Go through the material below, find each line with the word "linetype", and copy those lines.

Content starts

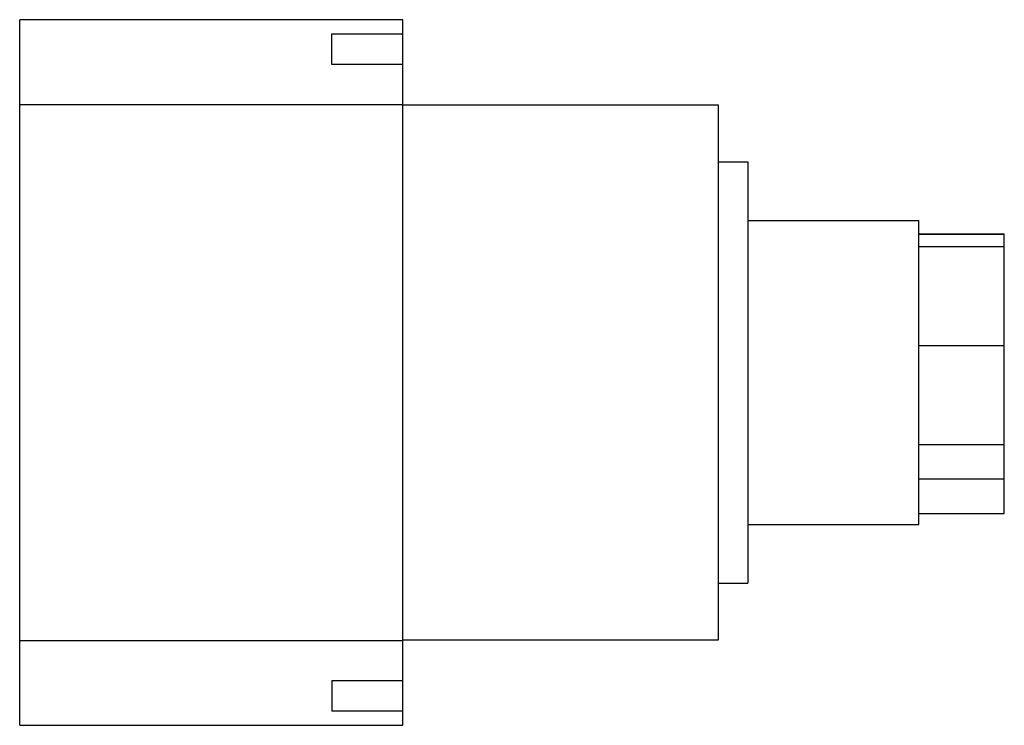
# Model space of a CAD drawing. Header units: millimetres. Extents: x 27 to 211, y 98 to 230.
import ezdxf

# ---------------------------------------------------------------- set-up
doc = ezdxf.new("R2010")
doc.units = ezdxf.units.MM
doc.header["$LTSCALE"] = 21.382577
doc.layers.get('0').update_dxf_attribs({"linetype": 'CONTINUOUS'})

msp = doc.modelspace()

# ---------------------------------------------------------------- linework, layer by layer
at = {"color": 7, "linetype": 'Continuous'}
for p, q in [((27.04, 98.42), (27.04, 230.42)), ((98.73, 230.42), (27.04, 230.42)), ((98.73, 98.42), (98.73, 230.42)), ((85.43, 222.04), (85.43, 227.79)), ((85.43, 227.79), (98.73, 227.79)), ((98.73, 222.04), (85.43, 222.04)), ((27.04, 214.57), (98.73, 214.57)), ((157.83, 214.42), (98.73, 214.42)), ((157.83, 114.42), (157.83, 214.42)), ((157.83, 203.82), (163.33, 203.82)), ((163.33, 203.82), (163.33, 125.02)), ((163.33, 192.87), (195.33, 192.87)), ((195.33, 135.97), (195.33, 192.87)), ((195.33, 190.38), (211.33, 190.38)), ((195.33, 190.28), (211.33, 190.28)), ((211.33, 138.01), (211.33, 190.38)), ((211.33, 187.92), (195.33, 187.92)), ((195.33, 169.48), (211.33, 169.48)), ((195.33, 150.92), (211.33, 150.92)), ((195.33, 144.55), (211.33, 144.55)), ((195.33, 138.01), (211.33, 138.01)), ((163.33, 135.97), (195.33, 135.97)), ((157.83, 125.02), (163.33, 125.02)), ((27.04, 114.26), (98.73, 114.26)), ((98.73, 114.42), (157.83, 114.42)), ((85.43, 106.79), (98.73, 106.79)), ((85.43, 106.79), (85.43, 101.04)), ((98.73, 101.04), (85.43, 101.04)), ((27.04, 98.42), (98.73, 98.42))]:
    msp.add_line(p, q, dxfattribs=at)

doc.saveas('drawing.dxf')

Content ends

**Written solution**
doc.layers.get('0').update_dxf_attribs({"linetype": 'CONTINUOUS'})
at = {"color": 7, "linetype": 'Continuous'}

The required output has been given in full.